Step 4: Define Error Budget Policies#
The error budget policy is what makes SLOs operational. Without a policy, the error budget is just a number on a dashboard that nobody acts on.
## Error Budget Policy: payment-api
**SLO**: 99.9% availability, 30-day rolling window
### Budget > 50% remaining
- Normal development velocity
- Feature work proceeds as planned
- Standard deployment cadence
### Budget 25-50% remaining
- Prioritize reliability work in next sprint
- Increase deployment testing (canary duration from 10min to 30min)
- Review recent incidents for systemic issues
### Budget 5-25% remaining
- Freeze non-critical feature deployments
- All engineering effort shifts to reliability
- Daily error budget review in standup
### Budget < 5% remaining (or exhausted)
- Complete feature freeze
- All deployments require SRE approval
- Incident review for every error budget consumption event
- Escalate to engineering leadership
### Budget exhausted
- Postmortem required identifying systemic causes
- Reliability sprint: minimum 2 weeks focused on fixes
- Feature freeze remains until budget recovers above 25%The policy must have teeth. If product management can override a feature freeze whenever they want, the error budget policy is fiction.
Step 5: SLO-Based Alerting with Burn Rates#
Threshold-based alerts are noisy. “Error rate > 1%” fires on a brief spike that consumes negligible budget. Burn rate alerting solves this by asking: “At the current rate of errors, when will we exhaust the error budget?”
Burn rate = (actual error rate) / (SLO-permitted error rate)
For a 99.9% SLO:
Permitted error rate = 0.1%
If current error rate = 0.5%
Burn rate = 0.5% / 0.1% = 5x
At 5x burn rate, a 30-day budget is consumed in 6 days.Implement multi-window burn rate alerts (Google’s recommended approach):
# Prometheus alerting rules for SLO burn rate
groups:
- name: slo-burn-rate
rules:
# Fast burn: 14.4x over 1 hour (exhausts budget in ~2 days)
# Short window for confirmation: 5 minutes
- alert: SLOHighBurnRate_Critical
expr: |
(
sum(rate(http_requests_total{status=~"5.."}[1h]))

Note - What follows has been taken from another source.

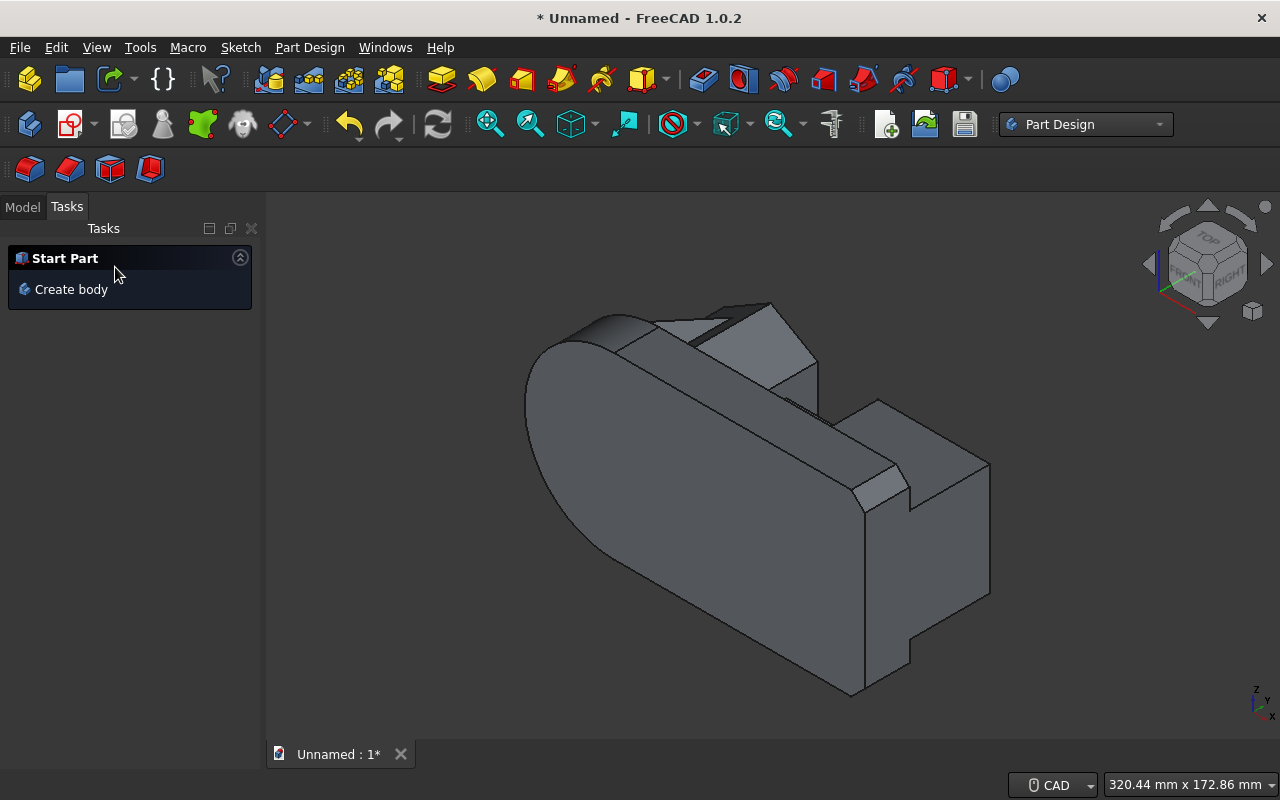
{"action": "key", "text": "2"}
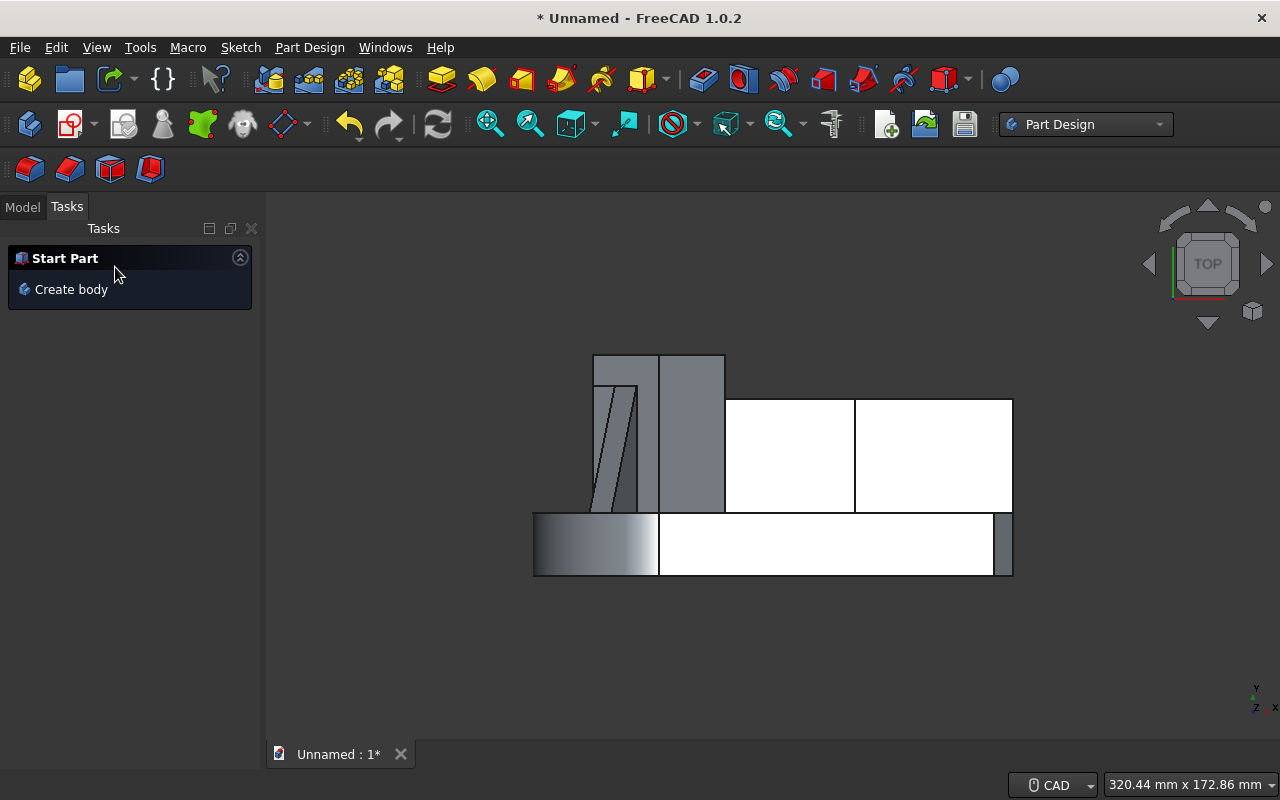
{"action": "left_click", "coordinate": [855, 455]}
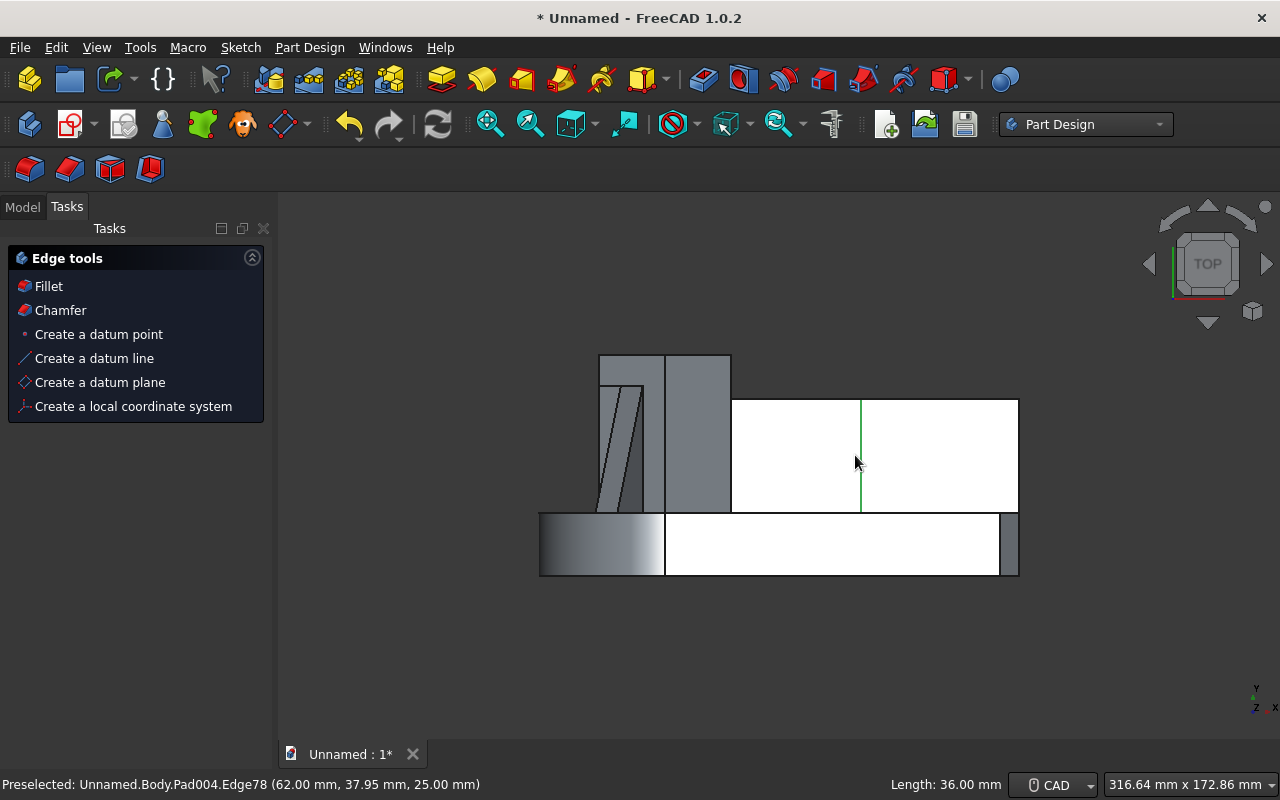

/ sum(rate(http_requests_total[1h]))
) > (14.4 * 0.001)
and
(
sum(rate(http_requests_total{status=~"5.."}[5m]))
/ sum(rate(http_requests_total[5m]))
) > (14.4 * 0.001)
labels:
severity: critical
annotations:
summary: "High SLO burn rate - budget exhausted in ~2 days"
# Slow burn: 3x over 6 hours (exhausts budget in ~10 days)
- alert: SLOHighBurnRate_Warning
expr: |
(
sum(rate(http_requests_total{status=~"5.."}[6h]))
/ sum(rate(http_requests_total[6h]))
) > (3 * 0.001)
and
(
sum(rate(http_requests_total{status=~"5.."}[30m]))
/ sum(rate(http_requests_total[30m]))
) > (3 * 0.001)
labels:
severity: warning
annotations:
summary: "Elevated SLO burn rate - budget exhausted in ~10 days"The long window catches sustained problems. The short window prevents alerting on issues that have already resolved. This dual-window approach dramatically reduces false positives compared to single-threshold alerts.
Step 6: Stakeholder Communication#
SLOs are useless if only the engineering team knows about them. Product managers, executives, and customer-facing teams need to understand what SLOs mean and how error budgets affect planning.
Weekly SLO Report#
## SLO Status Report - Week of 2026-02-17
| Service | SLO Target | Current | Budget Remaining | Trend |
|-------------|-----------|----------|-----------------|--------|
| payment-api | 99.9% | 99.92% | 62% | Stable |
| search-api | 99.5% | 99.1% | 18% | Down |
| auth-service | 99.9% | 99.97% | 88% | Stable |
### Action Items
- search-api: Error budget below 25%. Reliability sprint started.
Root cause: connection pool exhaustion under peak load (JIRA-4601).
Feature deployments paused until budget recovers above 50%.Frame error budgets as a shared resource. Product managers should think of error budget like a spending account: deploying a risky feature costs some budget. A planned maintenance window costs some budget. Running the budget to zero means no more risk-taking until it recovers. This turns reliability from an abstract concern into a concrete resource that competes fairly with feature work.